I’m getting this error.

Using backend: pytorch
Graph(num_nodes=12651, num_edges=2485,
      ndata_schemes={'feat': Scheme(shape=(), dtype=torch.int64), 'label': Scheme(shape=(), dtype=torch.int64), 'train_mask': Scheme(shape=(), dtype=torch.bool), 'val_mask': Scheme(shape=(), dtype=torch.bool), 'test_mask': Scheme(shape=(), dtype=torch.bool)}
      edata_schemes={'edges': Scheme(shape=(), dtype=torch.int64)})
Number of categories: 52
Node features
{'feat': tensor([    18154,         0, 835243411,  ...,     17362,     11490,
            11490], device='cuda:0'), 'label': tensor([23, 42, 22,  ..., 42, 25, 15], device='cuda:0'), 'train_mask': tensor([ True,  True,  True,  ..., False, False, False], device='cuda:0'), 'val_mask': tensor([False, False, False,  ..., False, False, False], device='cuda:0'), 'test_mask': tensor([False, False, False,  ...,  True,  True,  True], device='cuda:0')}
Edge features
{'edges': tensor([29, 13, 14,  ...,  0,  0,  0], device='cuda:0')}
tensor([    18154,         0, 835243411,  ...,     17362,     11490,
            11490], device='cuda:0')
52
Traceback (most recent call last):
  File "/home/irfan/PycharmProjects/Graphs/two_layers.py", line 84, in <module>
    train(g, model)
  File "/home/irfan/PycharmProjects/Graphs/two_layers.py", line 51, in train
    logits = model(g, features)
  File "/home/irfan/environments/Graphs/lib/python3.6/site-packages/torch/nn/modules/module.py", line 727, in _call_impl
    result = self.forward(*input, **kwargs)
  File "/home/irfan/PycharmProjects/Graphs/two_layers.py", line 32, in forward
    h = self.conv1(g, in_feat)
  File "/home/irfan/environments/Graphs/lib/python3.6/site-packages/torch/nn/modules/module.py", line 727, in _call_impl
    result = self.forward(*input, **kwargs)
  File "/home/irfan/environments/Graphs/lib/python3.6/site-packages/dgl/nn/pytorch/conv/graphconv.py", line 417, in forward
    graph.srcdata['h'] = feat_src
  File "/home/irfan/environments/Graphs/lib/python3.6/site-packages/dgl/view.py", line 81, in __setitem__
    self._graph._set_n_repr(self._ntid, self._nodes, {key : val})
  File "/home/irfan/environments/Graphs/lib/python3.6/site-packages/dgl/heterograph.py", line 3993, in _set_n_repr
    ' Got %d and %d instead.' % (nfeats, num_nodes))
dgl._ffi.base.DGLError: Expect number of features to match number of nodes (len(u)). Got 1000 and 12651 instead.
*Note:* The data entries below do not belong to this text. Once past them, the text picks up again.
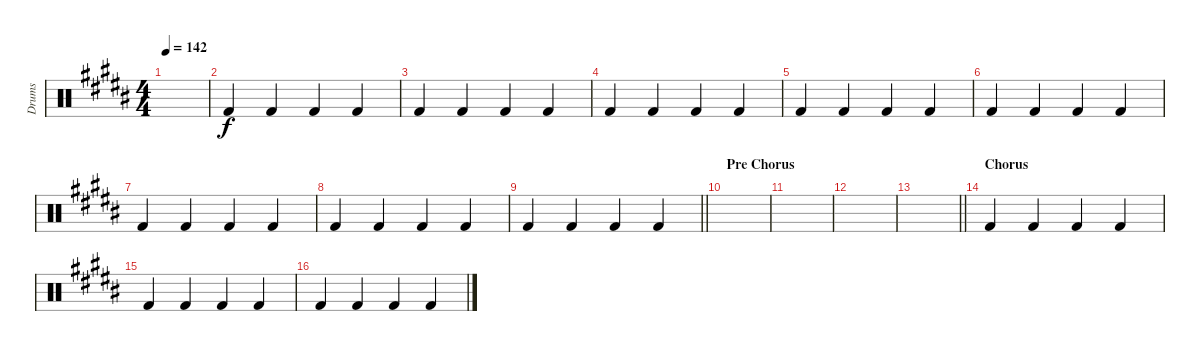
\track ("Drums" "Drums") {instrument percussion}
\staff {score}
\articulation defaults
\ts (4 4)
\tempo 142
\clef neutral
\ks b
|
"Kick (hit) 2".4 "Kick (hit) 2".4 "Kick (hit) 2".4 "Kick (hit) 2".4 |
"Kick (hit) 2".4 "Kick (hit) 2".4 "Kick (hit) 2".4 "Kick (hit) 2".4 |
"Kick (hit) 2".4 "Kick (hit) 2".4 "Kick (hit) 2".4 "Kick (hit) 2".4 |
"Kick (hit) 2".4 "Kick (hit) 2".4 "Kick (hit) 2".4 "Kick (hit) 2".4 |
"Kick (hit) 2".4 "Kick (hit) 2".4 "Kick (hit) 2".4 "Kick (hit) 2".4 |
"Kick (hit) 2".4 "Kick (hit) 2".4 "Kick (hit) 2".4 "Kick (hit) 2".4 |
"Kick (hit) 2".4 "Kick (hit) 2".4 "Kick (hit) 2".4 "Kick (hit) 2".4 |
\barLineRight lightlight "Kick (hit) 2".4 "Kick (hit) 2".4 "Kick (hit) 2".4 "Kick (hit) 2".4
|
\section ("" "Pre Chorus")
|
|
|
\barLineRight lightlight
|
\section ("" "Chorus")
"Kick (hit) 2".4 "Kick (hit) 2".4 "Kick (hit) 2".4 "Kick (hit) 2".4 |
"Kick (hit) 2".4 "Kick (hit) 2".4 "Kick (hit) 2".4 "Kick (hit) 2".4 |
"Kick (hit) 2".4 "Kick (hit) 2".4 "Kick (hit) 2".4 "Kick (hit) 2".4

mufeili · April 10, 2021, 10:57am

Can you provide a code snippet for reproducing the error?

mufeili · April 10, 2021, 1:13pm

What’s the shape of g.ndata['feat']? If it has a shape of (N), you need to do g.ndata['feat'] = g.ndata['feat'].unsqueeze(-1). Then you need to change model = GCN(g.ndata['feat'].shape[0], 1000, dataset.num_classes).to('cuda') to model = GCN(g.ndata['feat'].shape[1], 1000, dataset.num_classes).to('cuda')

system · May 10, 2021, 1:14pm

This topic was automatically closed 30 days after the last reply. New replies are no longer allowed.